- TASK PROMPT -
From the entries that follow, report every line in which "junit" occurs.

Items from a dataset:
--------------------

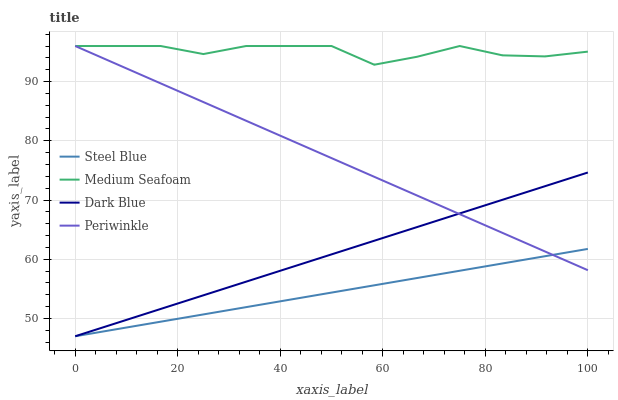Does Steel Blue have the minimum area under the curve?
Answer yes or no. Yes. Does Medium Seafoam have the maximum area under the curve?
Answer yes or no. Yes. Does Periwinkle have the minimum area under the curve?
Answer yes or no. No. Does Periwinkle have the maximum area under the curve?
Answer yes or no. No. Is Periwinkle the smoothest?
Answer yes or no. Yes. Is Medium Seafoam the roughest?
Answer yes or no. Yes. Is Steel Blue the smoothest?
Answer yes or no. No. Is Steel Blue the roughest?
Answer yes or no. No. Does Dark Blue have the lowest value?
Answer yes or no. Yes. Does Periwinkle have the lowest value?
Answer yes or no. No. Does Medium Seafoam have the highest value?
Answer yes or no. Yes. Does Steel Blue have the highest value?
Answer yes or no. No. Is Dark Blue less than Medium Seafoam?
Answer yes or no. Yes. Is Medium Seafoam greater than Dark Blue?
Answer yes or no. Yes. Does Dark Blue intersect Steel Blue?
Answer yes or no. Yes. Is Dark Blue less than Steel Blue?
Answer yes or no. No. Is Dark Blue greater than Steel Blue?
Answer yes or no. No. Does Dark Blue intersect Medium Seafoam?
Answer yes or no. No. 
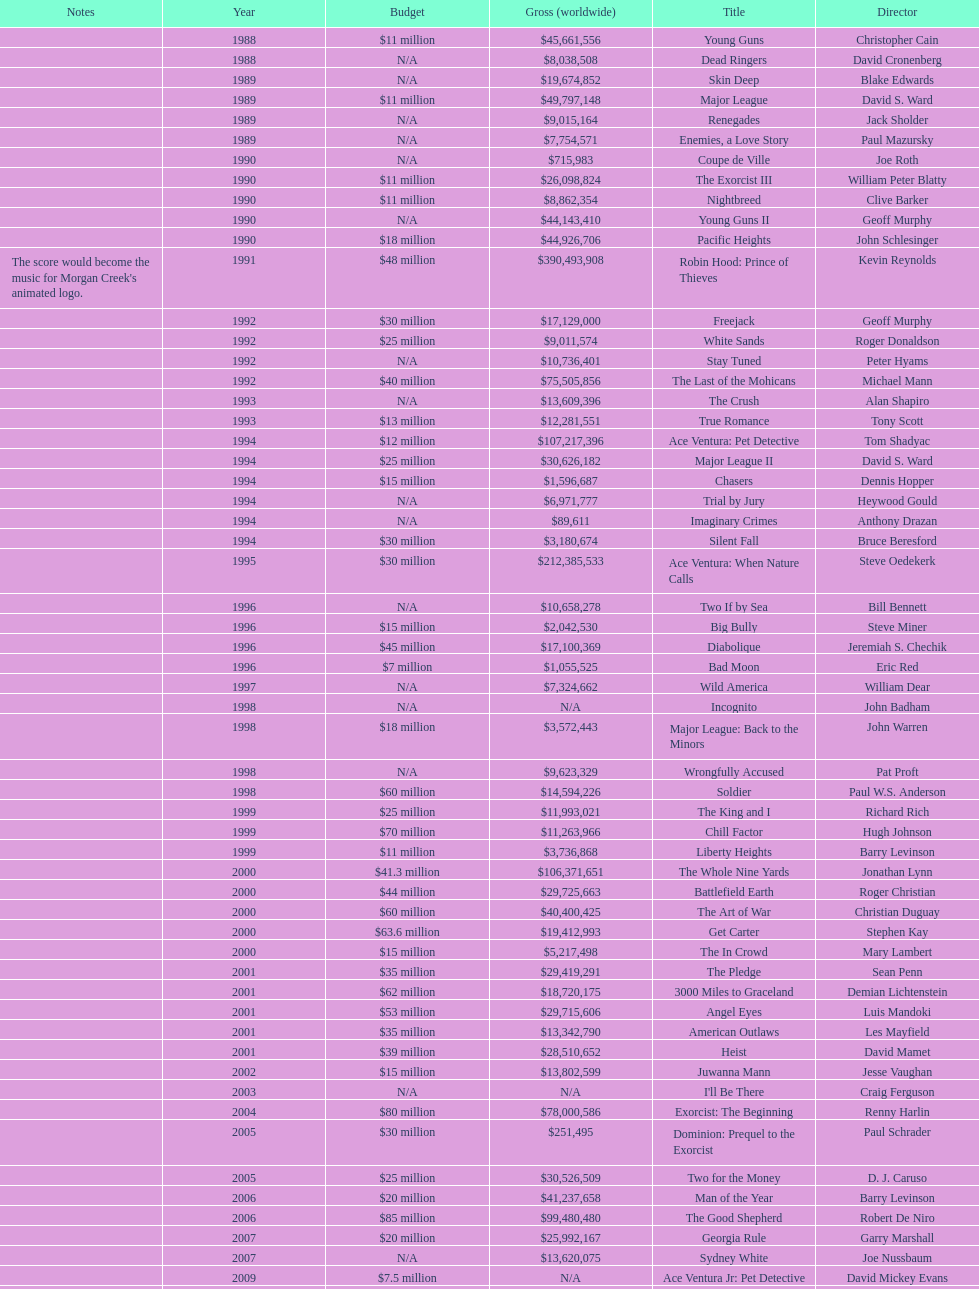How many films did morgan creek make in 2006? 2. 
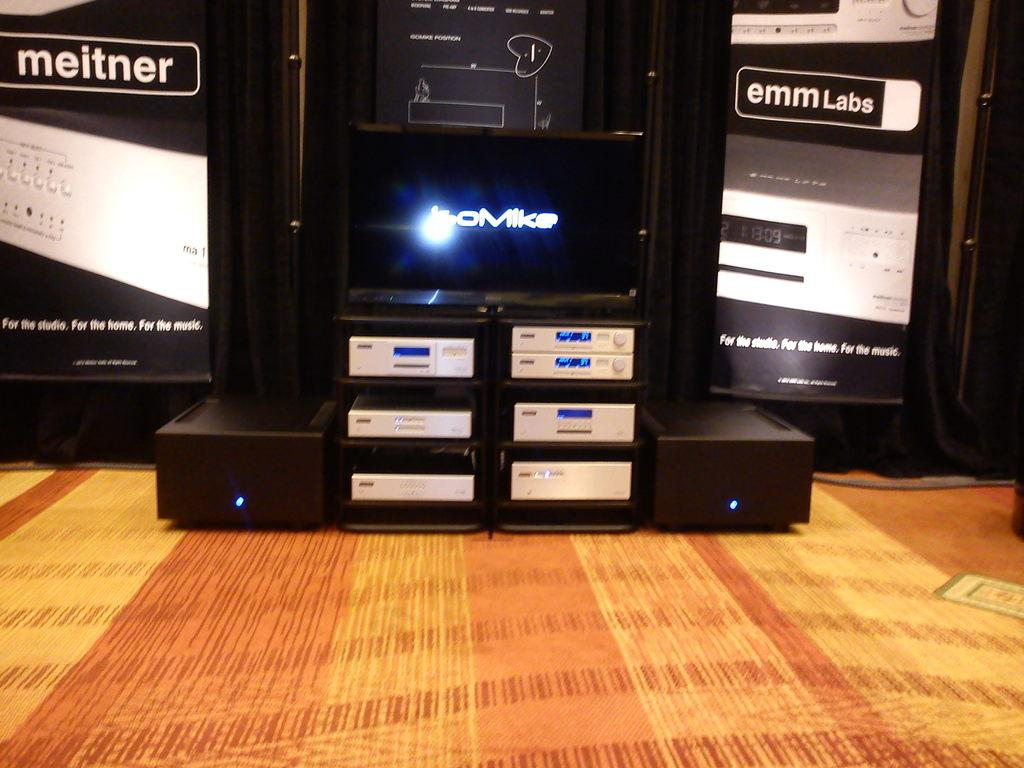<image>
Share a concise interpretation of the image provided. Electronics in a stand under a screen displaying 'oMike' between banners for 'meitner' and 'emm Labs'. 
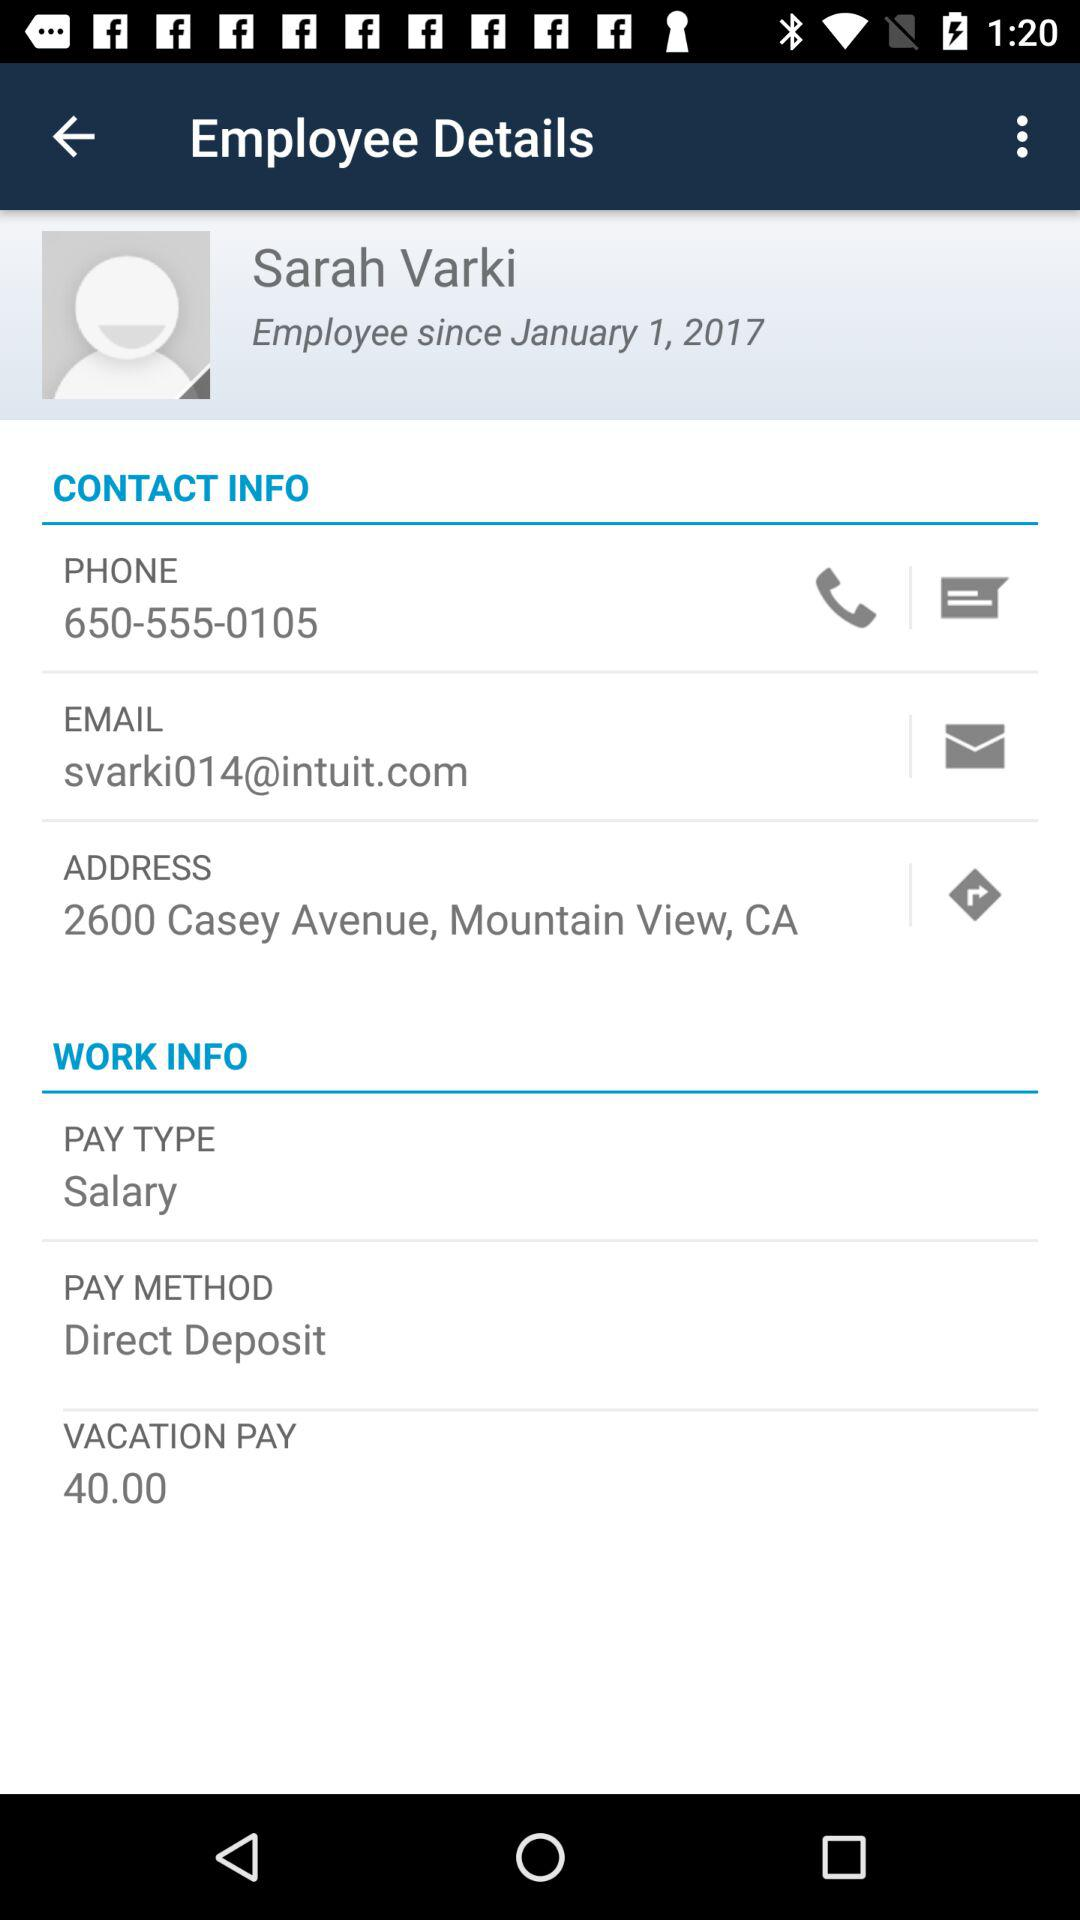What is the email ID of the employee? The email ID of the employee is svarki014@intuit.com. 
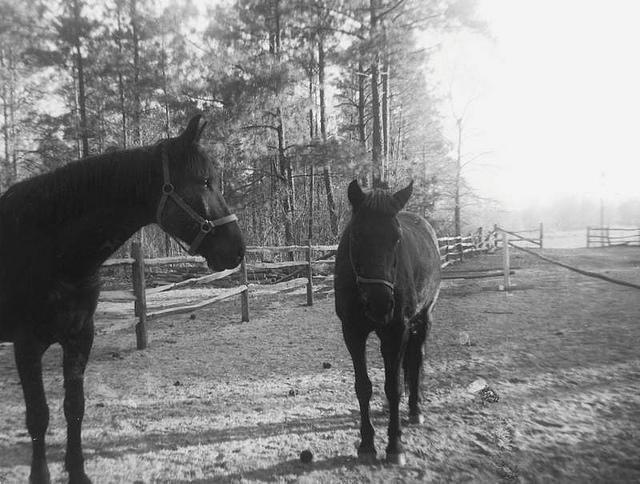How many horses are there?
Give a very brief answer. 2. 
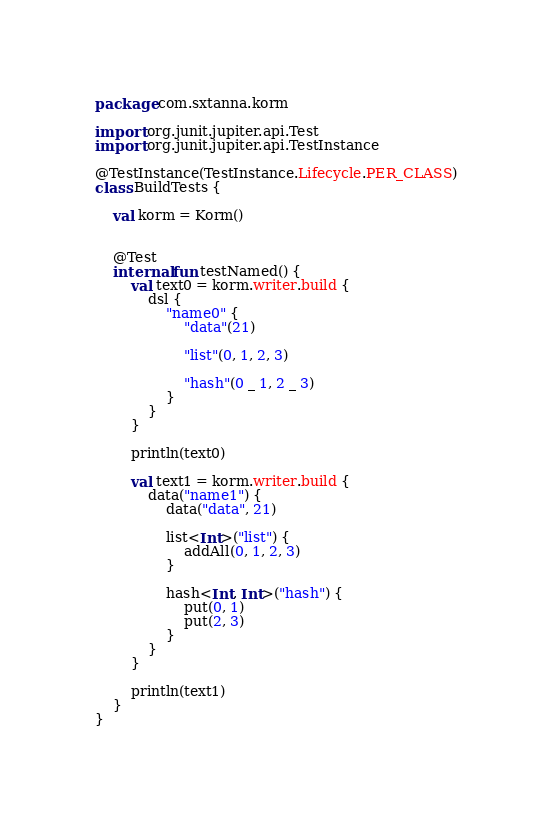Convert code to text. <code><loc_0><loc_0><loc_500><loc_500><_Kotlin_>package com.sxtanna.korm

import org.junit.jupiter.api.Test
import org.junit.jupiter.api.TestInstance

@TestInstance(TestInstance.Lifecycle.PER_CLASS)
class BuildTests {

    val korm = Korm()


    @Test
    internal fun testNamed() {
        val text0 = korm.writer.build {
            dsl {
                "name0" {
                    "data"(21)

                    "list"(0, 1, 2, 3)

                    "hash"(0 _ 1, 2 _ 3)
                }
            }
        }

        println(text0)

        val text1 = korm.writer.build {
            data("name1") {
                data("data", 21)

                list<Int>("list") {
                    addAll(0, 1, 2, 3)
                }

                hash<Int, Int>("hash") {
                    put(0, 1)
                    put(2, 3)
                }
            }
        }

        println(text1)
    }
}</code>

--------------------

- EXERCISE OUTPUT -
import org.junit.jupiter.api.Test
import org.junit.jupiter.api.TestInstance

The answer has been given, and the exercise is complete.